DATASET
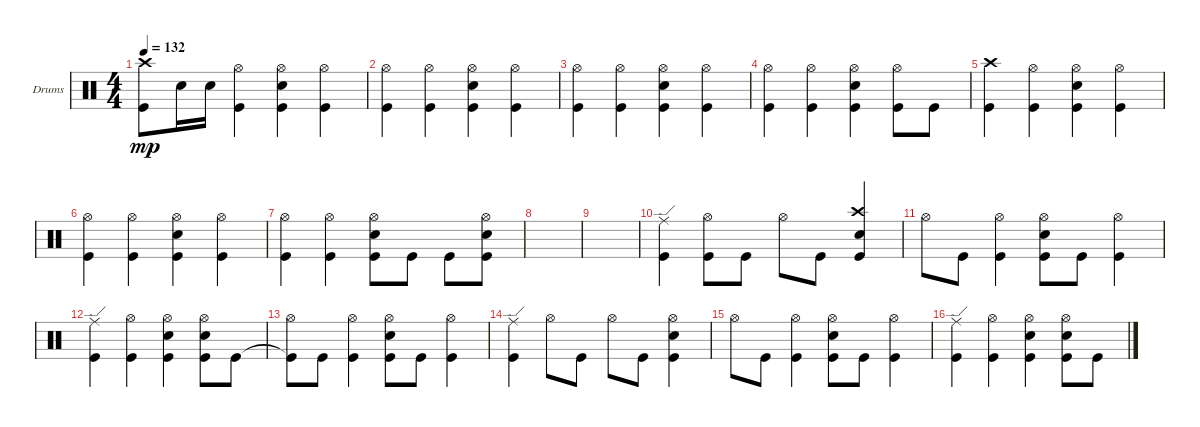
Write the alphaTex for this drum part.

\defaultSystemsLayout 4
\bracketExtendMode groupsimilarinstruments
\firstSystemTrackNameOrientation horizontal
\otherSystemsTrackNameOrientation horizontal
\track ("Steve Judd" "Drums") {instrument percussion}
\staff {score}
\articulation defaults
\ts (4 4)
\tempo 132
\clef neutral
\scale
0.333333
\ks c
("Kick (hit)" "Crash high (hit)").8{dy mp} "Snare (hit) 2".16 "Snare (hit) 2".16 ("Kick (hit)" "Hi-Hat (open)").4 ("Kick (hit)" "Hi-Hat (open)" "Snare (hit) 2").4 ("Kick (hit)" "Hi-Hat (open)").4 |
\scale
0.333333 ("Kick (hit)" "Hi-Hat (open)").4 ("Kick (hit)" "Hi-Hat (open)").4 ("Kick (hit)" "Hi-Hat (open)" "Snare (hit) 2").4 ("Kick (hit)" "Hi-Hat (open)").4 |
\scale
0.333333 ("Kick (hit)" "Hi-Hat (open)").4 ("Kick (hit)" "Hi-Hat (open)").4 ("Kick (hit)" "Hi-Hat (open)" "Snare (hit) 2").4 ("Kick (hit)" "Hi-Hat (open)").4 |
\scale
0.333333 ("Kick (hit)" "Hi-Hat (open)").4 ("Kick (hit)" "Hi-Hat (open)").4 ("Kick (hit)" "Hi-Hat (open)" "Snare (hit) 2").4 ("Kick (hit)" "Hi-Hat (open)").8 "Kick (hit)".8 |
\scale
0.333333 ("Kick (hit)" "Crash high (hit)").4 ("Kick (hit)" "Hi-Hat (open)").4 ("Kick (hit)" "Hi-Hat (open)" "Snare (hit) 2").4 ("Kick (hit)" "Hi-Hat (open)").4 |
\scale
0.333333 ("Kick (hit)" "Hi-Hat (open)").4 ("Kick (hit)" "Hi-Hat (open)").4 ("Kick (hit)" "Hi-Hat (open)" "Snare (hit) 2").4 ("Kick (hit)" "Hi-Hat (open)").4 |
\scale
0.333333 ("Kick (hit)" "Hi-Hat (open)").4 ("Kick (hit)" "Hi-Hat (open)").4 ("Kick (hit)" "Hi-Hat (open)" "Snare (hit) 2").8 "Kick (hit)".8 "Kick (hit)".8 ("Snare (hit) 2" "Kick (hit)" "Hi-Hat (open)").8 |
\scale
0.333333 |
\scale
0.333333 |
\scale
0.333333 ("Kick (hit)" "Ride (edge)").4 ("Kick (hit)" "Hi-Hat (open)").8 "Kick (hit)".8 "Hi-Hat (open)".8 "Kick (hit)".8 ("Snare (hit) 2" "Kick (hit)" "Crash high (hit)").4 |
\scale
0.333333 "Hi-Hat (open)".8 "Kick (hit)".8 ("Kick (hit)" "Hi-Hat (open)").4 ("Kick (hit)" "Hi-Hat (open)" "Snare (hit) 2").8 "Kick (hit)".8 ("Kick (hit)" "Hi-Hat (open)").4 |
\scale
0.333333 ("Kick (hit)" "Ride (edge)").4 ("Kick (hit)" "Hi-Hat (open)").4 ("Kick (hit)" "Hi-Hat (open)" "Snare (hit) 2").4 ("Kick (hit)" "Hi-Hat (open)" "Snare (hit) 2").8 "Kick (hit)".8 |
\scale
0.333333 ("Kick (hit)"{t} "Hi-Hat (open)").8 "Kick (hit)".8 ("Kick (hit)" "Hi-Hat (open)").4 ("Kick (hit)" "Hi-Hat (open)" "Snare (hit) 2").8 "Kick (hit)".8 ("Kick (hit)" "Hi-Hat (open)").4 |
\scale
0.333333 ("Kick (hit)" "Ride (edge)").4 "Hi-Hat (open)".8 "Kick (hit)".8 "Hi-Hat (open)".8 "Kick (hit)".8 ("Kick (hit)" "Hi-Hat (open)" "Snare (hit) 2").4 |
\scale
0.333333 "Hi-Hat (open)".8 "Kick (hit)".8 ("Kick (hit)" "Hi-Hat (open)").4 ("Hi-Hat (open)" "Kick (hit)" "Snare (hit) 2").8 "Kick (hit)".8 ("Kick (hit)" "Hi-Hat (open)").4 |
\scale
0.333333 ("Kick (hit)" "Ride (edge)").4 ("Kick (hit)" "Hi-Hat (open)").4 ("Kick (hit)" "Hi-Hat (open)" "Snare (hit) 2").4 ("Kick (hit)" "Hi-Hat (open)" "Snare (hit) 2").8 "Kick (hit)".8

WORK INSTRUCTIONS
Search the listing for the string "horizontal". Copy each line where it turns up.

WRITTEN RESPONSE
\firstSystemTrackNameOrientation horizontal
\otherSystemsTrackNameOrientation horizontal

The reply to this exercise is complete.